▶ _What to work on_:
Once the line containing "Find the pallet truck [125,310,184,355]" is found in the entries below, restate it and each following line word for word, stopping after the line containing "1. person <box>0,453,51,631</box>".

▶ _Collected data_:
[Start of section]

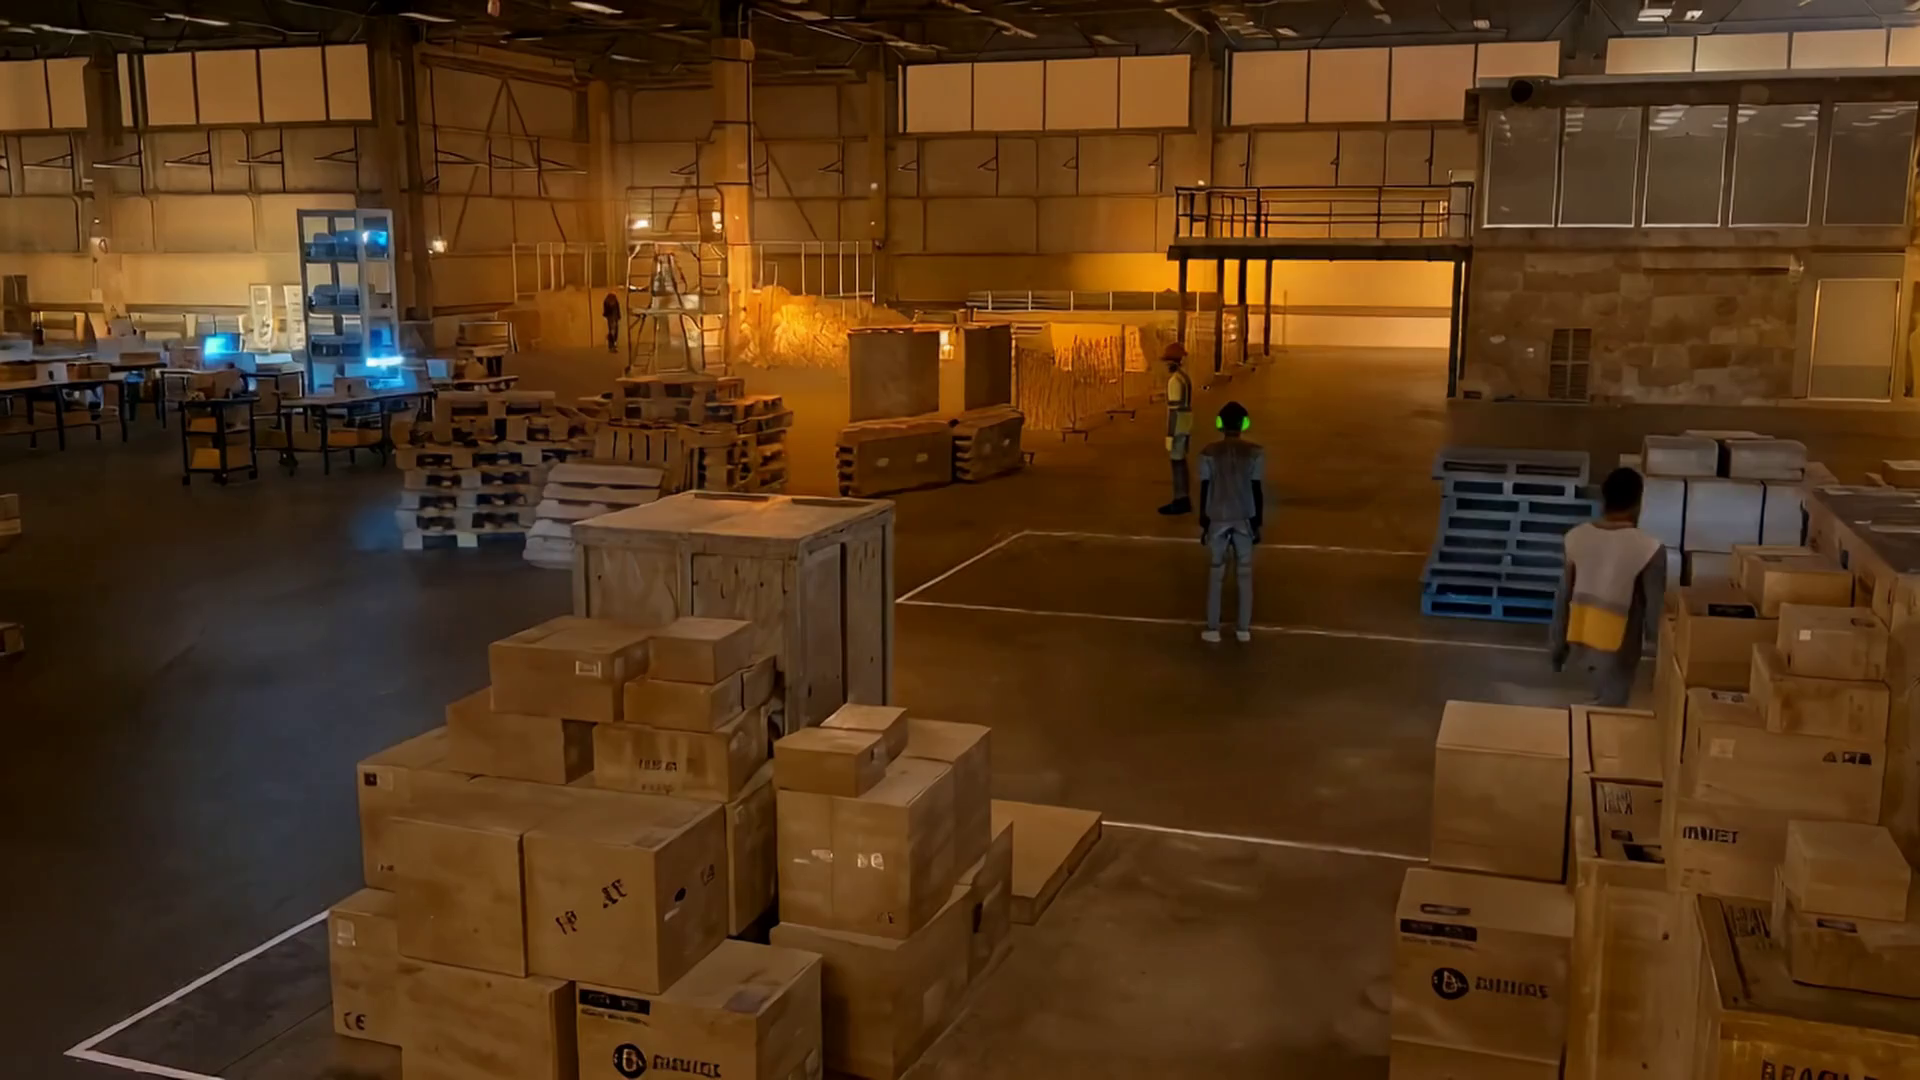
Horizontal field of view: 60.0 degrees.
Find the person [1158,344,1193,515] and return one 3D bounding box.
[{"bbox_3d":[2.431,-1.244,18.782,0.388,1.930,0.540,4,11,21],"label":"person"}]

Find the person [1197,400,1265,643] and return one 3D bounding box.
[{"bbox_3d":[2.072,-0.135,12.729,0.503,1.862,0.329,1,10,4],"label":"person"}]

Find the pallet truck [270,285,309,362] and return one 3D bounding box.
[{"bbox_3d":[-17.147,-5.700,43.663,0.823,1.965,1.885,3,11,17],"label":"pallet truck"}]

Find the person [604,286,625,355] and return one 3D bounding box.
[{"bbox_3d":[-9.544,-6.052,45.903,0.410,1.909,0.642,-9,13,-41],"label":"person"}]

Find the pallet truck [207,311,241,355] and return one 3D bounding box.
[{"bbox_3d":[-19.537,-5.575,44.913,0.653,1.274,1.630,3,11,19],"label":"pallet truck"}]

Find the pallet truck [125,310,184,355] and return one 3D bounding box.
[{"bbox_3d":[-22.038,-5.665,45.457,0.704,1.261,1.522,3,11,17],"label":"pallet truck"}]

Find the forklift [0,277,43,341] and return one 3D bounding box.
[{"bbox_3d":[-27.151,-6.329,46.328,1.157,1.987,2.680,3,11,17],"label":"forklift"}]

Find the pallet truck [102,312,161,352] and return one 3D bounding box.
[{"bbox_3d":[-23.057,-5.777,46.261,0.680,1.201,1.601,3,11,19],"label":"pallet truck"}]

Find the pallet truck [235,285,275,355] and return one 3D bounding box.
[{"bbox_3d":[-18.327,-5.835,44.421,0.823,1.965,1.885,4,11,23],"label":"pallet truck"}]

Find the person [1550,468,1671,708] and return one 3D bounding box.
[{"bbox_3d":[3.494,0.554,8.791,0.958,1.873,0.594,-5,11,-28],"label":"person"}]
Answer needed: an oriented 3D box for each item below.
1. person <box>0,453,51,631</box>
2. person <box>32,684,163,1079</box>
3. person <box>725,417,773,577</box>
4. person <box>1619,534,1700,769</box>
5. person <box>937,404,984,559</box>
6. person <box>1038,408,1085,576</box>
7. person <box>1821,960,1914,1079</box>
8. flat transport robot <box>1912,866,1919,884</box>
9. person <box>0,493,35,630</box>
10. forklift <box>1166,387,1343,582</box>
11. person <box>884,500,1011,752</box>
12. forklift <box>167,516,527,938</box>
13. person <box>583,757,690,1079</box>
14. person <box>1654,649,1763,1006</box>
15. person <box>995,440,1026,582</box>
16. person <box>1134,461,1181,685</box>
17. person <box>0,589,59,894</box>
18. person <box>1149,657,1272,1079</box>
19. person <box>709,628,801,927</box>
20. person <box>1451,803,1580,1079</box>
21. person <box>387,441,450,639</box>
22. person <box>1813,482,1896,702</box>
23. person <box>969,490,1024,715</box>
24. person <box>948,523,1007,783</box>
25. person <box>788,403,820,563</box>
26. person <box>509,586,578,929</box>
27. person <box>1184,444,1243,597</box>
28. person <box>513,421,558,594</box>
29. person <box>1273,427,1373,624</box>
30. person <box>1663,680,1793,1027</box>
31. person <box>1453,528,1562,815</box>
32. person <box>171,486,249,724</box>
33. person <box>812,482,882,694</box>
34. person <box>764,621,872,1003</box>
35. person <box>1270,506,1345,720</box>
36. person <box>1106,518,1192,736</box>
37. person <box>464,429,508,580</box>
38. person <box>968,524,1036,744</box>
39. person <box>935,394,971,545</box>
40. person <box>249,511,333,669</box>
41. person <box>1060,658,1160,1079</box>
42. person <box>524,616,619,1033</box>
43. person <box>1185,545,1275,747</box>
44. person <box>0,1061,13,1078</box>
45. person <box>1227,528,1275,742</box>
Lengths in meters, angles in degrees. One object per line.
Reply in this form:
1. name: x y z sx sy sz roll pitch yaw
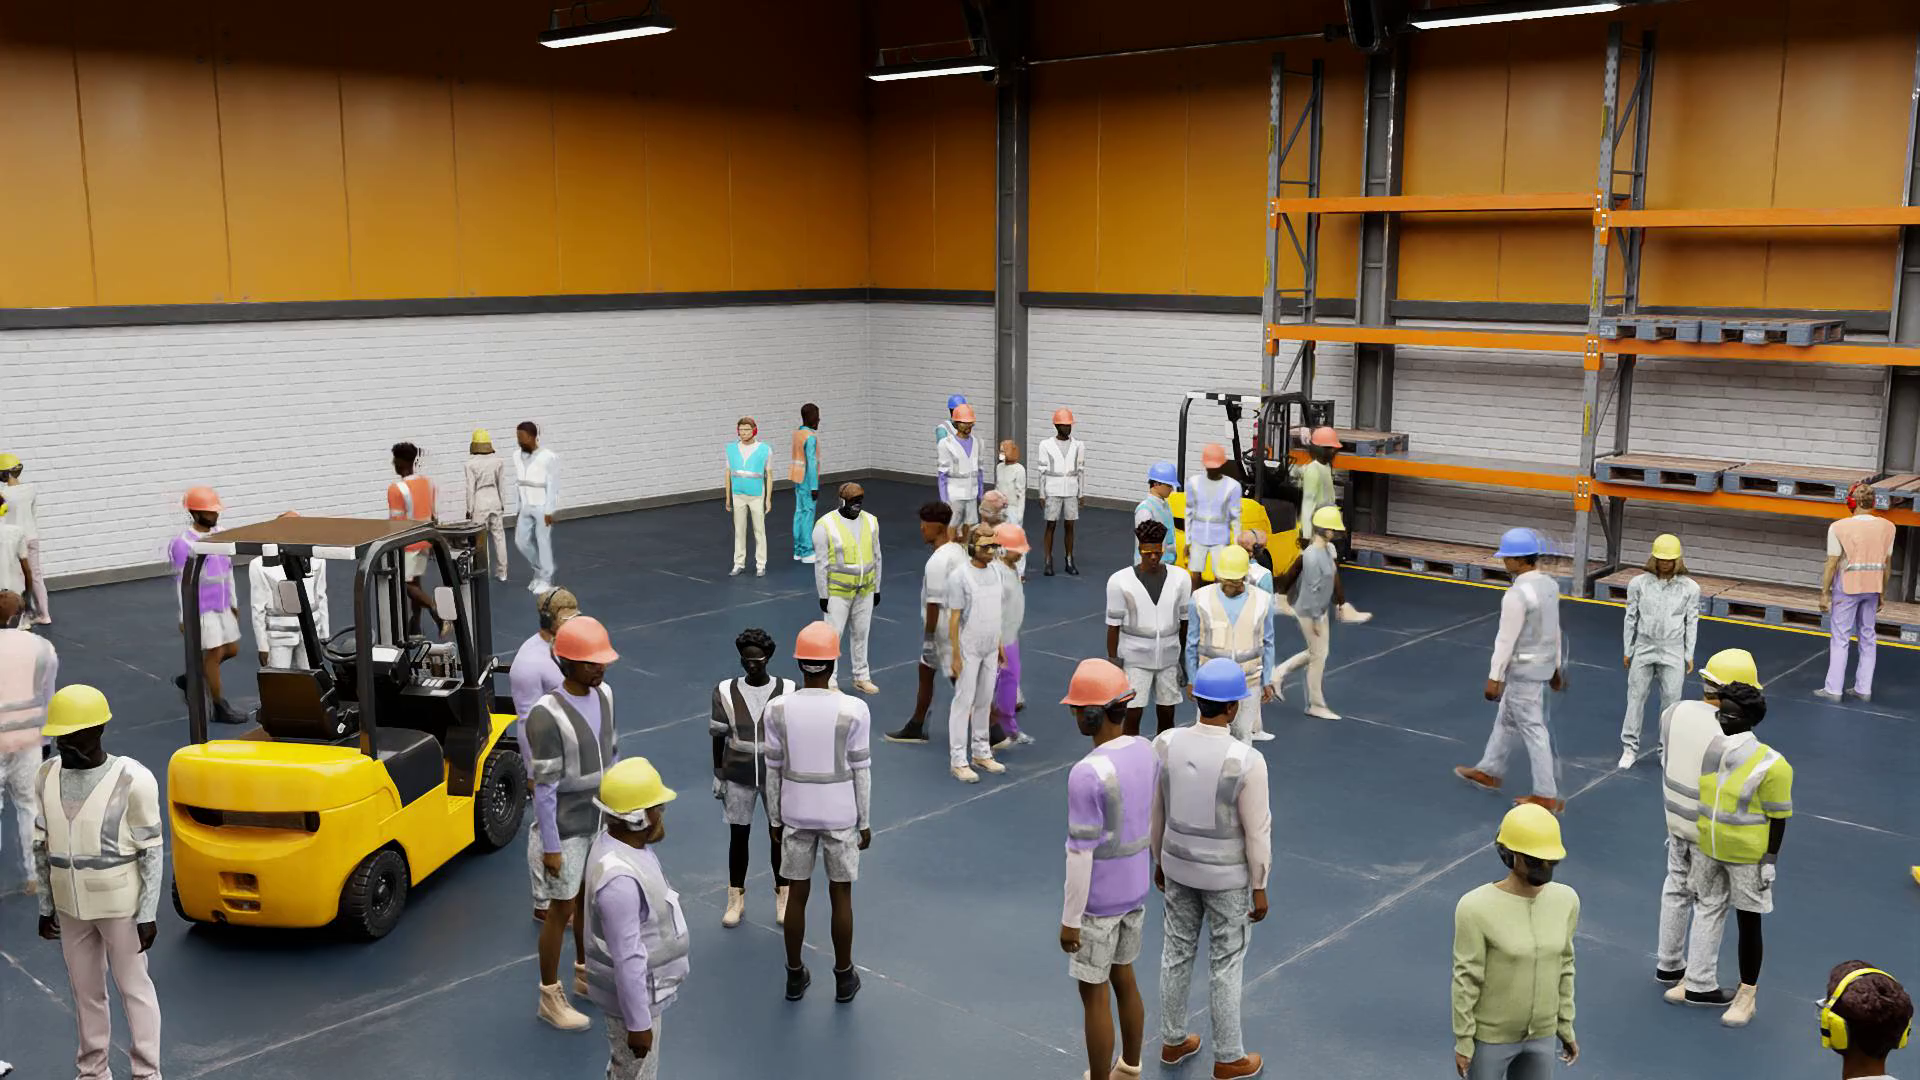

[End of section]

▶ _Expected answer_:
Find the pallet truck [125,310,184,355] and return one 3D bounding box.
[{"bbox_3d":[-22.038,-5.665,45.457,0.704,1.261,1.522,3,11,17],"label":"pallet truck"}]

Find the forklift [0,277,43,341] and return one 3D bounding box.
[{"bbox_3d":[-27.151,-6.329,46.328,1.157,1.987,2.680,3,11,17],"label":"forklift"}]

Find the pallet truck [102,312,161,352] and return one 3D bounding box.
[{"bbox_3d":[-23.057,-5.777,46.261,0.680,1.201,1.601,3,11,19],"label":"pallet truck"}]

Find the pallet truck [235,285,275,355] and return one 3D bounding box.
[{"bbox_3d":[-18.327,-5.835,44.421,0.823,1.965,1.885,4,11,23],"label":"pallet truck"}]

Find the person [1550,468,1671,708] and return one 3D bounding box.
[{"bbox_3d":[3.494,0.554,8.791,0.958,1.873,0.594,-5,11,-28],"label":"person"}]
Answer needed: an oriented 3D box for each item below.
1. person <box>0,453,51,631</box>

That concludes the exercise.